ECOWAS Brown Card Scheme to Ensure Insurance Cover for 3rd Party Liability -Says Executive Secretary

By Samsideen Ceesay

The Executive Secretary of the National Bureau for Ecowas Brown Card Scheme in The Gambia, Mr Saihou Samba has said that the Scheme provides insurance coverage for Third Party Liability risks relating to accidents resulting in deaths, bodily injury and property damage by providing compensation to victims of motor vehicle accidents which occur while travelling within the sub-region.

He made this exhortation during a nation-wide sensitisation targeting the border officials, governors and the business community on the relevant protocols and other regional programmes that are implemented by ECOWAS and other stakeholders.

 He intimated that the ECOWAS heads of state and government on the 29th May 1982 in Cotonou, Benin, signed a protocol to establish the ECOWAS Brown Card Insurance Scheme. The Scheme is one of the very first protocols to be implemented by ECOWAS since its birth as a regional body in 1975.

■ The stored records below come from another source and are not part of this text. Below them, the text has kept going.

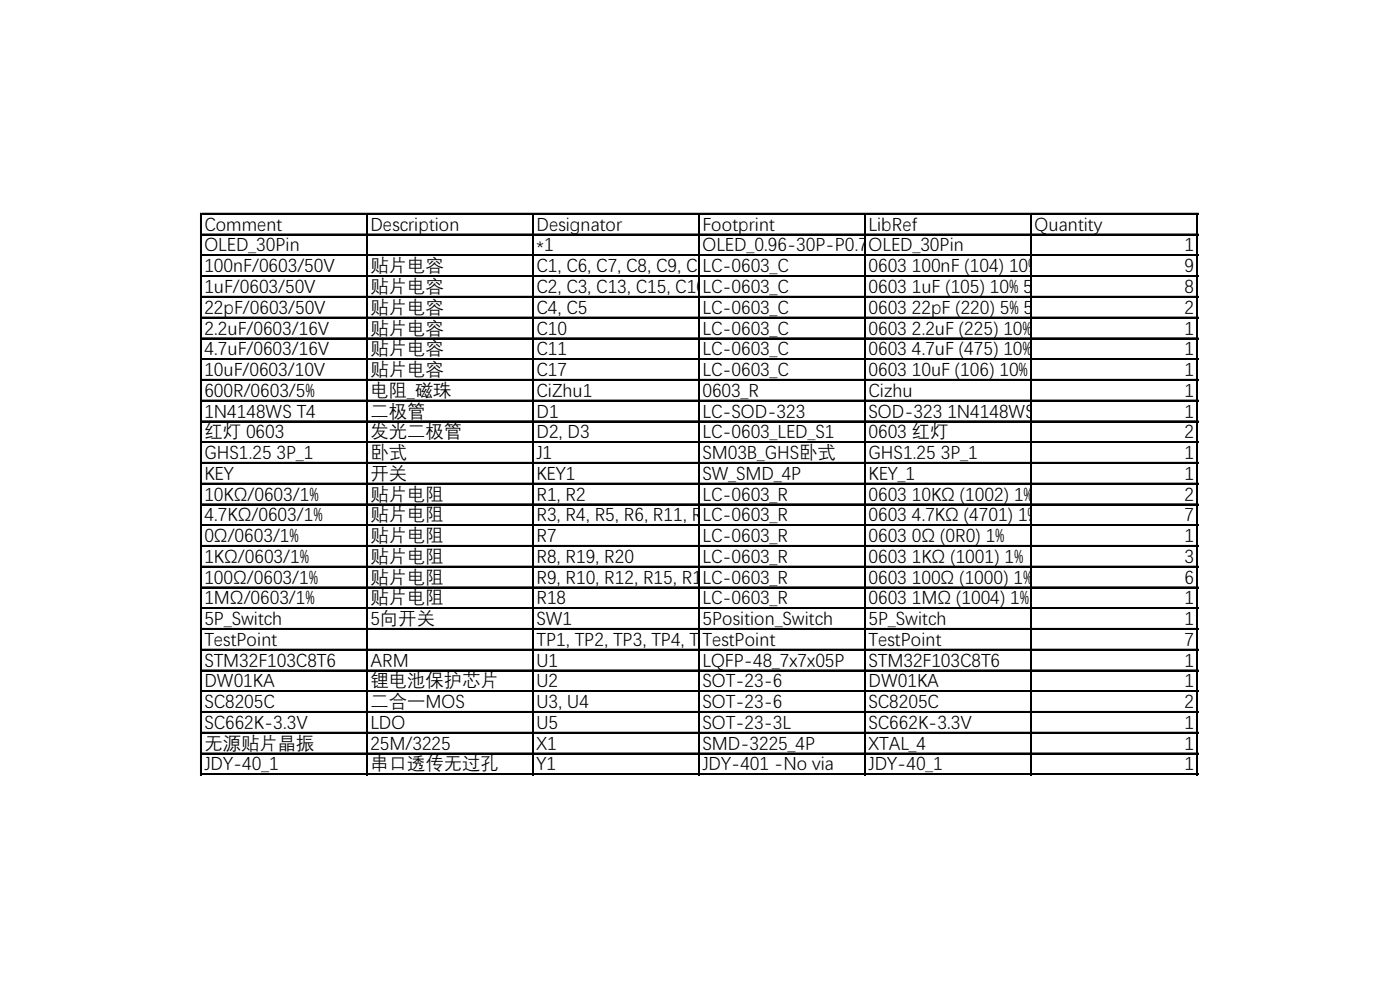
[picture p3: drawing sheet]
<svg xmlns="http://www.w3.org/2000/svg" width="297mm" height="210mm" viewBox="0 0 297 210" stroke-linecap="round" stroke-linejoin="round" font-family="sans-serif">
<defs><g id="words">
<g font-size="3.9">
<text x="43.4" y="48.7">Comment</text>
<text x="43.4" y="53.1">OLED_30Pin</text>
<text x="78.6" y="48.7">Description</text>
<text x="113.8" y="48.7">Designator</text>
<text x="113.8" y="53.1">*1</text>
<text x="149" y="48.7">Footprint</text>
<text x="149" y="53.1">OLED_0.96-30P-P0.70-12864</text>
<text x="184.3" y="48.7">LibRef</text>
<text x="184.3" y="53.1">OLED_30Pin</text>
<text x="219.5" y="48.7">Quantity</text>
<text x="251.3" y="53.1">1</text>
<text x="43.4" y="57.5">100nF/0603/50V</text>
<text x="78.6" y="57.5">贴片电容</text>
<text x="113.8" y="57.5">C1, C6, C7, C8, C9, C12, C14, C20, C21</text>
<text x="149" y="57.5">LC-0603_C</text>
<text x="184.3" y="57.5">0603 100nF (104) 10% 50V</text>
<text x="251.3" y="57.5">9</text>
<text x="43.4" y="61.9">1uF/0603/50V</text>
<text x="78.6" y="61.9">贴片电容</text>
<text x="113.8" y="61.9">C2, C3, C13, C15, C16, C18, C19, C22</text>
<text x="149" y="61.9">LC-0603_C</text>
<text x="184.3" y="61.9">0603 1uF (105) 10% 50V</text>
<text x="251.3" y="61.9">8</text>
<text x="43.4" y="66.4">22pF/0603/50V</text>
<text x="43.4" y="70.8">2.2uF/0603/16V</text>
<text x="78.6" y="66.4">贴片电容</text>
<text x="78.6" y="70.8">贴片电容</text>
<text x="113.8" y="66.4">C4, C5</text>
<text x="113.8" y="70.8">C10</text>
<text x="149" y="66.4">LC-0603_C</text>
<text x="149" y="70.8">LC-0603_C</text>
<text x="184.3" y="66.4">0603 22pF (220) 5% 50V</text>
<text x="184.3" y="70.8">0603 2.2uF (225) 10% 16V</text>
<text x="251.3" y="66.4">2</text>
<text x="251.3" y="70.8">1</text>
<text x="43.4" y="75.2">4.7uF/0603/16V</text>
<text x="78.6" y="75.2">贴片电容</text>
<text x="113.8" y="75.2">C11</text>
<text x="149" y="75.2">LC-0603_C</text>
<text x="184.3" y="75.2">0603 4.7uF (475) 10% 16V</text>
<text x="251.3" y="75.2">1</text>
<text x="43.4" y="79.6">10uF/0603/10V</text>
<text x="43.4" y="84">600R/0603/5%</text>
<text x="78.6" y="79.6">贴片电容</text>
<text x="78.6" y="84">电阻_磁珠</text>
<text x="113.8" y="79.6">C17</text>
<text x="113.8" y="84">CiZhu1</text>
<text x="149" y="79.6">LC-0603_C</text>
<text x="149" y="84">0603_R</text>
<text x="184.3" y="79.6">0603 10uF (106) 10% 10V</text>
<text x="184.3" y="84">Cizhu</text>
<text x="251.3" y="79.6">1</text>
<text x="251.3" y="84">1</text>
<text x="43.4" y="88.4">1N4148WS T4</text>
<text x="78.6" y="88.4">二极管</text>
<text x="113.8" y="88.4">D1</text>
<text x="149" y="88.4">LC-SOD-323</text>
<text x="184.3" y="88.4">SOD-323 1N4148WS T4</text>
<text x="251.3" y="88.4">1</text>
<text x="43.4" y="92.8">红灯 0603</text>
<text x="78.6" y="92.8">发光二极管</text>
<text x="113.8" y="92.8">D2, D3</text>
<text x="149" y="92.8">LC-0603_LED_S1</text>
<text x="184.3" y="92.8">0603 红灯</text>
<text x="251.3" y="92.8">2</text>
<text x="43.4" y="97.2">GHS1.25 3P_1</text>
<text x="43.4" y="101.6">KEY</text>
<text x="78.6" y="97.2">卧式</text>
<text x="78.6" y="101.6">开关</text>
<text x="113.8" y="97.2">J1</text>
<text x="113.8" y="101.6">KEY1</text>
<text x="149" y="97.2">SM03B_GHS卧式</text>
<text x="149" y="101.6">SW_SMD_4P</text>
<text x="184.3" y="97.2">GHS1.25 3P_1</text>
<text x="184.3" y="101.6">KEY_1</text>
<text x="251.3" y="97.2">1</text>
<text x="251.3" y="101.6">1</text>
<text x="43.4" y="106">10KΩ/0603/1%</text>
<text x="78.6" y="106">贴片电阻</text>
<text x="113.8" y="106">R1, R2</text>
<text x="149" y="106">LC-0603_R</text>
<text x="184.3" y="106">0603 10KΩ (1002) 1%</text>
<text x="251.3" y="106">2</text>
<text x="43.4" y="110.4">4.7KΩ/0603/1%</text>
<text x="78.6" y="110.4">贴片电阻</text>
<text x="113.8" y="110.4">R3, R4, R5, R6, R11, R13, R14</text>
<text x="149" y="110.4">LC-0603_R</text>
<text x="184.3" y="110.4">0603 4.7KΩ (4701) 1%</text>
<text x="251.3" y="110.4">7</text>
<text x="43.4" y="114.8">0Ω/0603/1%</text>
<text x="43.4" y="119.2">1KΩ/0603/1%</text>
<text x="78.6" y="114.8">贴片电阻</text>
<text x="78.6" y="119.2">贴片电阻</text>
<text x="113.8" y="114.8">R7</text>
<text x="113.8" y="119.2">R8, R19, R20</text>
<text x="149" y="114.8">LC-0603_R</text>
<text x="149" y="119.2">LC-0603_R</text>
<text x="184.3" y="114.8">0603 0Ω (0R0) 1%</text>
<text x="184.3" y="119.2">0603 1KΩ (1001) 1%</text>
<text x="251.3" y="114.8">1</text>
<text x="251.3" y="119.2">3</text>
<text x="43.4" y="123.6">100Ω/0603/1%</text>
<text x="78.6" y="123.6">贴片电阻</text>
<text x="113.8" y="123.6">R9, R10, R12, R15, R16, R17</text>
<text x="149" y="123.6">LC-0603_R</text>
<text x="184.3" y="123.6">0603 100Ω (1000) 1%</text>
<text x="251.3" y="123.6">6</text>
<text x="43.4" y="128">1MΩ/0603/1%</text>
<text x="78.6" y="128">贴片电阻</text>
<text x="113.8" y="128">R18</text>
<text x="149" y="128">LC-0603_R</text>
<text x="184.3" y="128">0603 1MΩ (1004) 1%</text>
<text x="251.3" y="128">1</text>
<text x="43.4" y="132.4">5P_Switch</text>
<text x="43.4" y="136.8">TestPoint</text>
<text x="78.6" y="132.4">5向开关</text>
<text x="113.8" y="132.4">SW1</text>
<text x="113.8" y="136.8">TP1, TP2, TP3, TP4, TP5, TP6, TP7</text>
<text x="149" y="132.4">5Position_Switch</text>
<text x="149" y="136.8">TestPoint</text>
<text x="184.3" y="132.4">5P_Switch</text>
<text x="184.3" y="136.8">TestPoint</text>
<text x="251.3" y="132.4">1</text>
<text x="251.3" y="136.8">7</text>
<text x="43.4" y="141.2">STM32F103C8T6</text>
<text x="78.6" y="141.2">ARM</text>
<text x="113.8" y="141.2">U1</text>
<text x="149" y="141.2">LQFP-48_7x7x05P</text>
<text x="184.3" y="141.2">STM32F103C8T6</text>
<text x="251.3" y="141.2">1</text>
<text x="43.4" y="145.6">DW01KA</text>
<text x="78.6" y="145.6">锂电池保护芯片</text>
<text x="113.8" y="145.6">U2</text>
<text x="149" y="145.6">SOT-23-6</text>
<text x="184.3" y="145.6">DW01KA</text>
<text x="251.3" y="145.6">1</text>
<text x="43.4" y="150">SC8205C</text>
<text x="43.4" y="154.4">SC662K-3.3V</text>
<text x="78.6" y="150">二合一MOS</text>
<text x="78.6" y="154.4">LDO</text>
<text x="113.8" y="150">U3, U4</text>
<text x="113.8" y="154.4">U5</text>
<text x="149" y="150">SOT-23-6</text>
<text x="149" y="154.4">SOT-23-3L</text>
<text x="184.3" y="150">SC8205C</text>
<text x="184.3" y="154.4">SC662K-3.3V</text>
<text x="251.3" y="150">2</text>
<text x="251.3" y="154.4">1</text>
<text x="43.4" y="158.8">无源贴片晶振</text>
<text x="78.6" y="158.8">25M/3225</text>
<text x="113.8" y="158.8">X1</text>
<text x="149" y="158.8">SMD-3225_4P</text>
<text x="184.3" y="158.8">XTAL_4</text>
<text x="251.3" y="158.8">1</text>
<text x="43.4" y="163.2">JDY-40_1</text>
<text x="78.6" y="163.2">串口透传无过孔</text>
<text x="113.8" y="163.2">Y1</text>
<text x="149" y="163.2">JDY-401 -No via</text>
<text x="184.3" y="163.2">JDY-40_1</text>
<text x="251.3" y="163.2">1</text>
</g>
</g></defs>
<g fill="none" stroke="#000" stroke-width=".21">
<path d="M42.5 45.2v119.2M42.9 45.2h211.3M42.9 49.6h211.3M42.9 54h211.3M42.9 58.4h211.3M77.8 45.6v118.8M113 45.6v118.8M148.2 45.6v118.8M183.4 45.6v118.8M218.7 45.6v118.8M253.9 45.6v118.8M42.9 62.9h211.3"/>
<path d="M42.9 67.3h211.3M42.9 71.7h211.3M42.9 76.1h211.3M42.9 80.5h211.3M42.9 84.9h211.3M42.9 89.3h211.3M42.9 93.7h211.3M42.9 98.1h211.3M42.9 102.5h211.3M42.9 106.9h211.3M42.9 111.3h211.3M42.9 115.7h211.3"/>
<path d="M42.9 120.1h211.3M42.9 124.5h211.3M42.9 128.9h211.3M42.9 133.3h211.3M42.9 137.7h211.3M42.9 142.1h211.3M42.9 146.5h211.3M42.9 150.9h211.3M42.9 155.3h211.3M42.9 159.7h211.3M42.9 164.1h211.3"/>
</g>
<g fill="none" stroke="#000" stroke-width=".34">
<path d="M42.7 45.2v119.3M42.8 45.4h211.4M42.8 49.8h211.4M42.8 54.2h211.4M42.8 58.6h211.4M77.9 45.6v118.9M113.1 45.6v118.9M148.4 45.6v118.9M183.6 45.6v118.9M218.8 45.6v118.9M254 45.6v118.9M42.8 63h211.4"/>
<path d="M42.8 67.4h211.4M42.8 71.8h211.4M42.8 76.2h211.4M42.8 80.6h211.4M42.8 85h211.4M42.8 89.4h211.4M42.8 93.8h211.4M42.8 98.2h211.4M42.8 102.6h211.4M42.8 107h211.4M42.8 111.4h211.4M42.8 115.8h211.4"/>
<path d="M42.8 120.3h211.4M42.8 124.7h211.4M42.8 129.1h211.4M42.8 133.5h211.4M42.8 137.9h211.4M42.8 142.3h211.4M42.8 146.7h211.4M42.8 151.1h211.4M42.8 155.5h211.4M42.8 159.9h211.4M42.8 164.3h211.4"/>
</g>
<use href="#words"/>
</svg>

Accordingly, the Scheme was derived from the Protocol on Free Movement of Goods and Persons across Territorial Boundaries in the West African sub-region.

“The main objective of the Scheme is to ensure prompt and fair compensation to victims of motor accidents caused by non-citizen motorists visiting their territory from other ECOWAS member states. Hence, the system guarantees a motor insurance cover which leads to the realisation of the free movement objectives of the ECOWAS,” Mr Samba affirmed.

He further explained that the Brown Card is essentially a territorial extension of the local motor third-party liability insurance cover, implying that the Brown Card motor certificate cannot stand alone or should not be issued in isolation of an underlying local motor third-party liability insurance cover or policy.

 “The malpractice of not obtaining Brown Card from the right source has considerably reduced currently with the introduction of the automatic issuance of the Brown Card to all motorists taking the motor insurance policy,” the Executive Secretary observed.